(PROVIDED DATA Opens)

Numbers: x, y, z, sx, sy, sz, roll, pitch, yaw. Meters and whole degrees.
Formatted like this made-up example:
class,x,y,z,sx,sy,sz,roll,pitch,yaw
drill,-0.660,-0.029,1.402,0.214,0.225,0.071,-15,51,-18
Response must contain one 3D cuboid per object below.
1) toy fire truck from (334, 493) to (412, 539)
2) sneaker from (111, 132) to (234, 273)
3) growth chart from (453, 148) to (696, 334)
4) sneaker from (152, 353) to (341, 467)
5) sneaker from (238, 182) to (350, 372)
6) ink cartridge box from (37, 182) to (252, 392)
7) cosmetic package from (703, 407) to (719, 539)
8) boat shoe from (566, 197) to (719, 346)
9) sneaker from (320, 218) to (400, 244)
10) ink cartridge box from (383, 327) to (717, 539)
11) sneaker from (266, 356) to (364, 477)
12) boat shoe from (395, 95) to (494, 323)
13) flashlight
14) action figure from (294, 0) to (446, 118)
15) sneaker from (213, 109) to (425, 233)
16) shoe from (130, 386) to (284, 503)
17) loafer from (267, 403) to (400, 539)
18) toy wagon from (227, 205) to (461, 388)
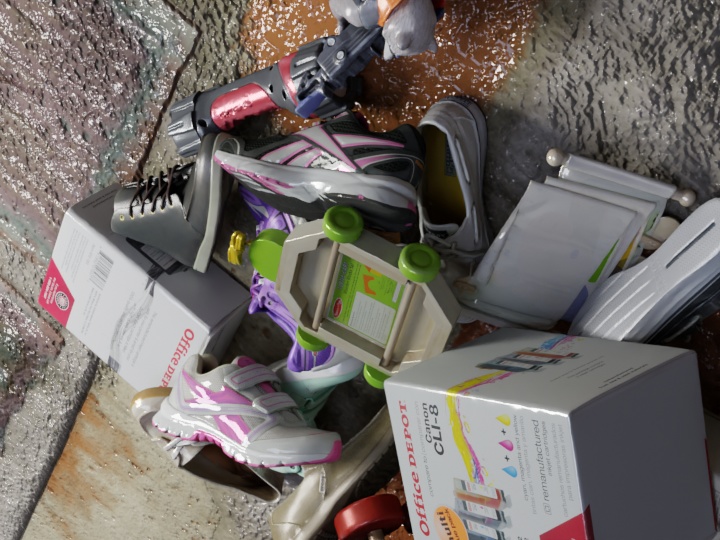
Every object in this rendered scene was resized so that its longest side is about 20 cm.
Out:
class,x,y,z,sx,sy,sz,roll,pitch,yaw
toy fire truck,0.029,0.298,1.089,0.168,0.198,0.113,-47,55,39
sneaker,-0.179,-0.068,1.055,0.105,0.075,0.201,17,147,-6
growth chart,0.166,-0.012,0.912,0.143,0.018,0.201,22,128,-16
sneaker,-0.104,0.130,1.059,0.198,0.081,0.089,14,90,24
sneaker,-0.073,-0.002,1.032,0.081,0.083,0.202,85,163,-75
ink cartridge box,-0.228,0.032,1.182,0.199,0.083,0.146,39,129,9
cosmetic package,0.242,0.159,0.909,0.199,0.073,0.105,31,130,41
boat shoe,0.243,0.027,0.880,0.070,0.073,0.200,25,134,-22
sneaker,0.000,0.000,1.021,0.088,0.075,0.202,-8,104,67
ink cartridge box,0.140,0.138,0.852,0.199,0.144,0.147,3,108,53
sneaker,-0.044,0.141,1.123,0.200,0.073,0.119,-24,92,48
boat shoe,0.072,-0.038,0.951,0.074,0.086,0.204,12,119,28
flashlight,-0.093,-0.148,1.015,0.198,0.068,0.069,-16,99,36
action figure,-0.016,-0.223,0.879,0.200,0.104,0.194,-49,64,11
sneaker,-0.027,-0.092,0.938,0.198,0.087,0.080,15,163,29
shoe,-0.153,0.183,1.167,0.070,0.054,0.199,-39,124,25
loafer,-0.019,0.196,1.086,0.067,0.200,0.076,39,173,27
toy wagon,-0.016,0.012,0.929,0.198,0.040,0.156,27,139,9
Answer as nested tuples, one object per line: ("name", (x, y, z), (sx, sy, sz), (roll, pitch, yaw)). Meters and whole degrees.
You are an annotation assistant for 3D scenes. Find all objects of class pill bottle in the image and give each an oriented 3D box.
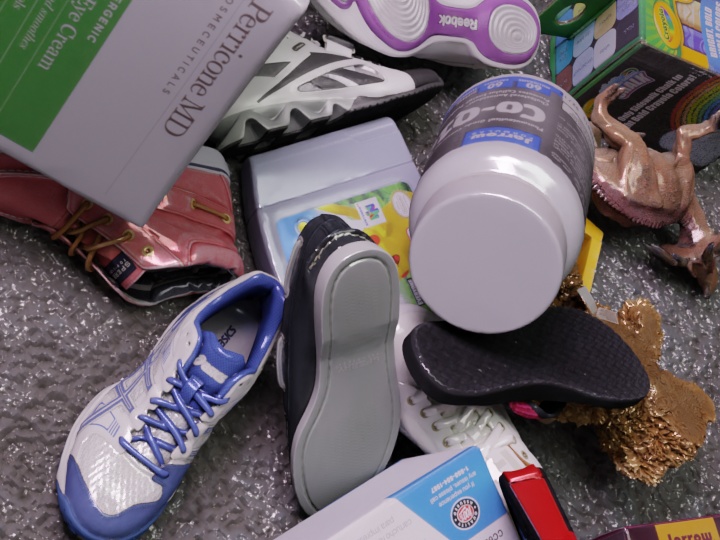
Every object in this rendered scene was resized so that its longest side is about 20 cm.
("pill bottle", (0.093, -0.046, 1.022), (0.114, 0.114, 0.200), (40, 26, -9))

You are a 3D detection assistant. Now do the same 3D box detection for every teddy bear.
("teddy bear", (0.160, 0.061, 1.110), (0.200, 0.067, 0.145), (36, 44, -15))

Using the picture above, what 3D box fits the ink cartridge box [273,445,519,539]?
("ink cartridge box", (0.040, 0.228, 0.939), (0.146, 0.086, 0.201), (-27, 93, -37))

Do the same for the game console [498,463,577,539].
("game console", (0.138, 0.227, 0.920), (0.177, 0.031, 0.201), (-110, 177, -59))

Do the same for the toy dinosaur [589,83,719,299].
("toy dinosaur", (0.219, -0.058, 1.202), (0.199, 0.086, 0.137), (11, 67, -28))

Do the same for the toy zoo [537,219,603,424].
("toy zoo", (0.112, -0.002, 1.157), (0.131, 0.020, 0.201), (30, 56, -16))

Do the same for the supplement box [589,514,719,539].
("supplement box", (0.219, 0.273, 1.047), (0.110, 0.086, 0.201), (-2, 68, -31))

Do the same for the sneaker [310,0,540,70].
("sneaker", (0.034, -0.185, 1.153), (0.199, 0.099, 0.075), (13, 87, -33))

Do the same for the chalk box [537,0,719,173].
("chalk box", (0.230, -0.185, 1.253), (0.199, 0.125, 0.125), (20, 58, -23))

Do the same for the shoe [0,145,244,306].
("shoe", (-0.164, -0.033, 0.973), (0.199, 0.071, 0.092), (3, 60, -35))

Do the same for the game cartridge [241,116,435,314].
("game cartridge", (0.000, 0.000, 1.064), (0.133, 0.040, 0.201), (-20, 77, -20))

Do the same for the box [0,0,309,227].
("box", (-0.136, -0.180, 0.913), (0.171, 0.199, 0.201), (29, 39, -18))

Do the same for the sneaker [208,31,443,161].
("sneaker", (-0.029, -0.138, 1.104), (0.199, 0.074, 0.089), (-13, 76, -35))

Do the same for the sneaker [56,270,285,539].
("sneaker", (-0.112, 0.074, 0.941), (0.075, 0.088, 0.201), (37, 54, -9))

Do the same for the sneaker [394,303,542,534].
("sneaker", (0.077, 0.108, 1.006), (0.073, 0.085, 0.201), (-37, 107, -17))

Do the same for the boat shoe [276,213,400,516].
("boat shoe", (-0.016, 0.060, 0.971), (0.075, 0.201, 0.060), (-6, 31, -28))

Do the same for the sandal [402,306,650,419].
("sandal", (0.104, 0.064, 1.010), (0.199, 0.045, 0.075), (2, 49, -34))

(PROVIDED DATA Closes)
(PROVIDED DATA Opens)

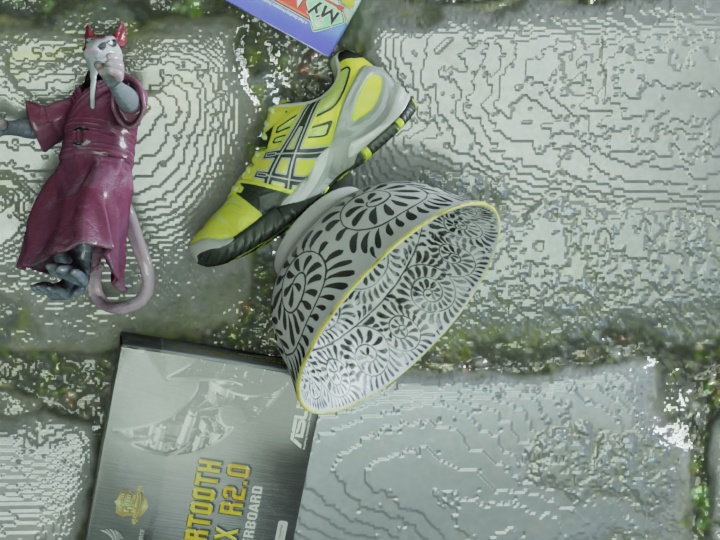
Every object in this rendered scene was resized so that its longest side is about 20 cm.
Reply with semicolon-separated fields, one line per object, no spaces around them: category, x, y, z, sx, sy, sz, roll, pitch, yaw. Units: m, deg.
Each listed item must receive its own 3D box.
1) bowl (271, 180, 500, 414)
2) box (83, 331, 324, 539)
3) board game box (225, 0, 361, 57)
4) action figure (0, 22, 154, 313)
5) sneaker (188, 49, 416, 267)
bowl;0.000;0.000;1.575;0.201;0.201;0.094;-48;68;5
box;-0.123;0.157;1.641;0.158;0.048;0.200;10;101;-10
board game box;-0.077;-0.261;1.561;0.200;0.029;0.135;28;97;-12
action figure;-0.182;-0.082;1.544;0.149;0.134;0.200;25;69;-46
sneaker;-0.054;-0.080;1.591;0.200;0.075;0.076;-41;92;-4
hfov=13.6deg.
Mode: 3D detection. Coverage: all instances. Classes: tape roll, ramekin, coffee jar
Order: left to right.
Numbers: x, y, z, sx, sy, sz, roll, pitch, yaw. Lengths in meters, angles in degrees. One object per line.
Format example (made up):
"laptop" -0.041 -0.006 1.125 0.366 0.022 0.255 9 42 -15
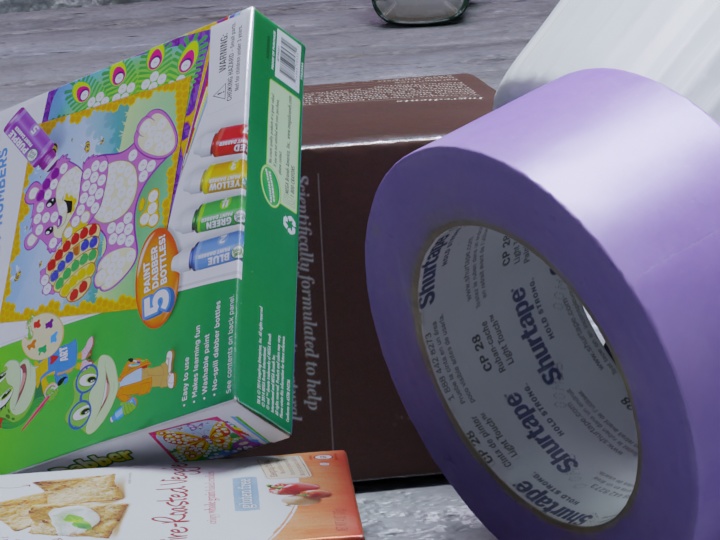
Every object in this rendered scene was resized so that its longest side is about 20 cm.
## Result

(PROVIDED DATA Closes)
(PROVIDED DATA Opens)

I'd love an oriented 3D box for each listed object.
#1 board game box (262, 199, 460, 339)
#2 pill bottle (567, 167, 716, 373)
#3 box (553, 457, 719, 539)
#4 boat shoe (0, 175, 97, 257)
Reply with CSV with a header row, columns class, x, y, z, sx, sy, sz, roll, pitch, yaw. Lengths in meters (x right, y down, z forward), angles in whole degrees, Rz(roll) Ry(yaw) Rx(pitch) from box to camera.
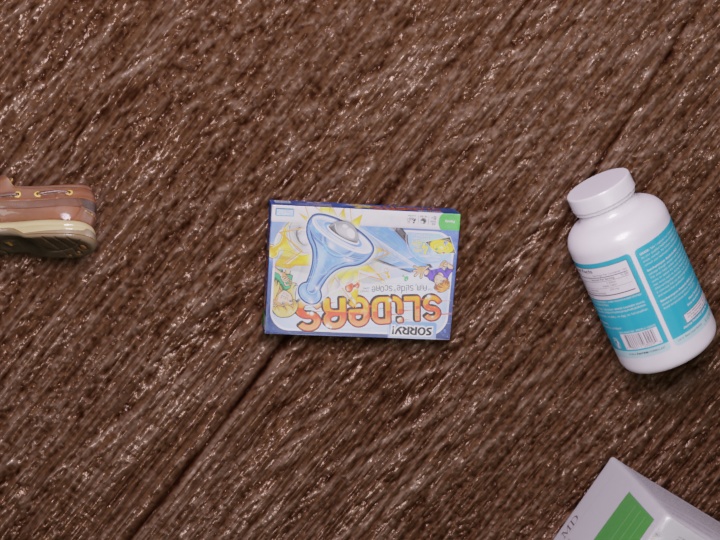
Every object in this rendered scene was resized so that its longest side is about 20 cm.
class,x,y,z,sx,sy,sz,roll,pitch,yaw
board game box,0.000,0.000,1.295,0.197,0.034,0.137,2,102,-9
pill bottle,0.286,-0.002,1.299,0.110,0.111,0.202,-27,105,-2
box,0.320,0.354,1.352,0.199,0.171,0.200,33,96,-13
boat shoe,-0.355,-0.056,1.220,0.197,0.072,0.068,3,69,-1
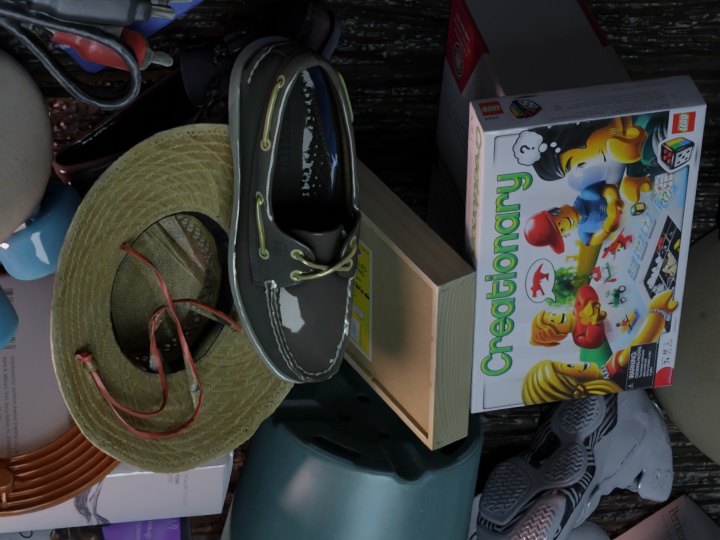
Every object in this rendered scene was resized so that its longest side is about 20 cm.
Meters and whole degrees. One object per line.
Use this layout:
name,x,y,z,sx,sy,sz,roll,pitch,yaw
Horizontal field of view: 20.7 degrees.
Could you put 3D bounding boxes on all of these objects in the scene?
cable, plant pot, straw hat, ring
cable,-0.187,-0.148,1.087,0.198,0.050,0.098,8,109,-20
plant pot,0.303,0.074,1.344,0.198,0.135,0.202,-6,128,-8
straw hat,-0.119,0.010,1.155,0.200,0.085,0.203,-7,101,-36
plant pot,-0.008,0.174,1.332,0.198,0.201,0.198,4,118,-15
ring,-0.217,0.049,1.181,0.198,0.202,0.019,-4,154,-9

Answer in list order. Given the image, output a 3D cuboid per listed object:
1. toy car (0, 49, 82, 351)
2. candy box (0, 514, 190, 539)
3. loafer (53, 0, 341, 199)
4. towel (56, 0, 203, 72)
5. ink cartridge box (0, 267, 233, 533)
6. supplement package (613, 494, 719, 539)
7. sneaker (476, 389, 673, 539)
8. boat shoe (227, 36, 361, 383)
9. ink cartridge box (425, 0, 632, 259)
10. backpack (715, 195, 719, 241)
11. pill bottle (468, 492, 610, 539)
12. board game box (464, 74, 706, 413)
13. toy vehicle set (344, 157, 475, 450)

(PROVIDED DATA Closes)

#### TASK ITEM:
The listing above holds a line with "Numbers: x, y, z, sx, sy, sz, roll, pitch, yaw. Meters" and a line with "2) sneaker from (111, 132) to (234, 273)". Print the stretch from the first through the second, exactly and alone.

#### RESULT:
Numbers: x, y, z, sx, sy, sz, roll, pitch, yaw. Meters and whole degrees.
Formatted like this made-up example:
class,x,y,z,sx,sy,sz,roll,pitch,yaw
drill,-0.660,-0.029,1.402,0.214,0.225,0.071,-15,51,-18
Response must contain one 3D cuboid per object below.
1) toy fire truck from (334, 493) to (412, 539)
2) sneaker from (111, 132) to (234, 273)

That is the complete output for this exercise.